• How to complete this task:
In your copy, include every line of the listing below exactly but none of the pictures.
Records supplied Block Start
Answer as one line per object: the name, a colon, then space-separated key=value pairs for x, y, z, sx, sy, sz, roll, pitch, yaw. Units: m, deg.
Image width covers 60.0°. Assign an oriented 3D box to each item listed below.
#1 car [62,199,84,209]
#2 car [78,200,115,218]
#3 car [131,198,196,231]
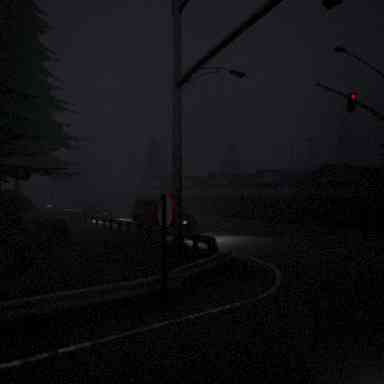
car: x=-16.654 y=1.723 z=48.281 sx=2.033 sy=1.411 sz=5.357 roll=0 pitch=0 yaw=10
car: x=-8.877 y=1.753 z=31.453 sx=1.994 sy=1.385 sz=4.181 roll=0 pitch=0 yaw=-35
car: x=-1.995 y=1.411 z=21.567 sx=2.150 sy=2.045 sz=5.566 roll=0 pitch=0 yaw=-35
Records supplied Block End
• Task output:
Answer as one line per object: the name, a colon, then space-separated key=value pairs for x, y, z, sx, sy, sz, roll, pitch, yaw. Units: m, deg.
Image width covers 60.0°. Assign an oriented 3D box to each item listed below.
#1 car [62,199,84,209]
#2 car [78,200,115,218]
#3 car [131,198,196,231]
car: x=-16.654 y=1.723 z=48.281 sx=2.033 sy=1.411 sz=5.357 roll=0 pitch=0 yaw=10
car: x=-8.877 y=1.753 z=31.453 sx=1.994 sy=1.385 sz=4.181 roll=0 pitch=0 yaw=-35
car: x=-1.995 y=1.411 z=21.567 sx=2.150 sy=2.045 sz=5.566 roll=0 pitch=0 yaw=-35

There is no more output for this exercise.